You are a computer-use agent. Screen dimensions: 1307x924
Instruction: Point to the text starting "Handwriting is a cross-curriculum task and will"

----------------------------------------

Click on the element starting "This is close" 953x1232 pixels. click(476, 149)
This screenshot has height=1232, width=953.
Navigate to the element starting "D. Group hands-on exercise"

----------------------------------------

Activity
Quote the data above from the line containing "This screenshot has height=1232, width=953." to the line containing "Navigate to the", inclusive, and stop.

Output for this exercise
This screenshot has height=1232, width=953.
Navigate to the element starting "D. Group hands-on exercise"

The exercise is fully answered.